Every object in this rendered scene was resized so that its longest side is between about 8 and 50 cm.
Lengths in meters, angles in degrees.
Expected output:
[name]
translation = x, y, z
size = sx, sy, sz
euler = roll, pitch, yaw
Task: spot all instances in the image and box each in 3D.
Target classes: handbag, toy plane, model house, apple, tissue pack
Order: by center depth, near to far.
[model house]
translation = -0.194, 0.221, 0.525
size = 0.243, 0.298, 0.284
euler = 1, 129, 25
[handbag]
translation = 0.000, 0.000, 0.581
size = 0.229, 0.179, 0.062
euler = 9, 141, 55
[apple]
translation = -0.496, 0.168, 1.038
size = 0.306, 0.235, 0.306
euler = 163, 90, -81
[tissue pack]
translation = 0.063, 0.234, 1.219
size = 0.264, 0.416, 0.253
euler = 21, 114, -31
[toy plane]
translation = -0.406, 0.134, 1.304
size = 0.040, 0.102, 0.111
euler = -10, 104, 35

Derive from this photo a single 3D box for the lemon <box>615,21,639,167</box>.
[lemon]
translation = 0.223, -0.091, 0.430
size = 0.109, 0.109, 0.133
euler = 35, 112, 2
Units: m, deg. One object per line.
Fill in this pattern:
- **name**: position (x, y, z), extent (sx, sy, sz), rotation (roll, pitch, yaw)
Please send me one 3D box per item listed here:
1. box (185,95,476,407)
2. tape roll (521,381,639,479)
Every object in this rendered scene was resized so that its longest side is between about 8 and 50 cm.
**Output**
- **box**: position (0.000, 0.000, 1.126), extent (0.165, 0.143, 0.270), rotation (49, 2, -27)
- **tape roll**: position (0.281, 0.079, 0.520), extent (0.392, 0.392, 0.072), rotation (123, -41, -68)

● Work order
Using the listing above, print every entry exactly.

● Answer to the exercise
Every object in this rendered scene was resized so that its longest side is between about 8 and 50 cm.
Lengths in meters, angles in degrees.
Expected output:
[name]
translation = x, y, z
size = sx, sy, sz
euler = roll, pitch, yaw
Task: spot all instances in the image and box each in 3D.
Target classes: handbag, toy plane, model house, apple, tissue pack
Order: by center depth, near to far.
[model house]
translation = -0.194, 0.221, 0.525
size = 0.243, 0.298, 0.284
euler = 1, 129, 25
[handbag]
translation = 0.000, 0.000, 0.581
size = 0.229, 0.179, 0.062
euler = 9, 141, 55
[apple]
translation = -0.496, 0.168, 1.038
size = 0.306, 0.235, 0.306
euler = 163, 90, -81
[tissue pack]
translation = 0.063, 0.234, 1.219
size = 0.264, 0.416, 0.253
euler = 21, 114, -31
[toy plane]
translation = -0.406, 0.134, 1.304
size = 0.040, 0.102, 0.111
euler = -10, 104, 35

Derive from this photo a single 3D box for the lemon <box>615,21,639,167</box>.
[lemon]
translation = 0.223, -0.091, 0.430
size = 0.109, 0.109, 0.133
euler = 35, 112, 2
Units: m, deg. One object per line.
Fill in this pattern:
- **name**: position (x, y, z), extent (sx, sy, sz), rotation (roll, pitch, yaw)
Please send me one 3D box per item listed here:
1. box (185,95,476,407)
2. tape roll (521,381,639,479)
Every object in this rendered scene was resized so that its longest side is between about 8 and 50 cm.
**Output**
- **box**: position (0.000, 0.000, 1.126), extent (0.165, 0.143, 0.270), rotation (49, 2, -27)
- **tape roll**: position (0.281, 0.079, 0.520), extent (0.392, 0.392, 0.072), rotation (123, -41, -68)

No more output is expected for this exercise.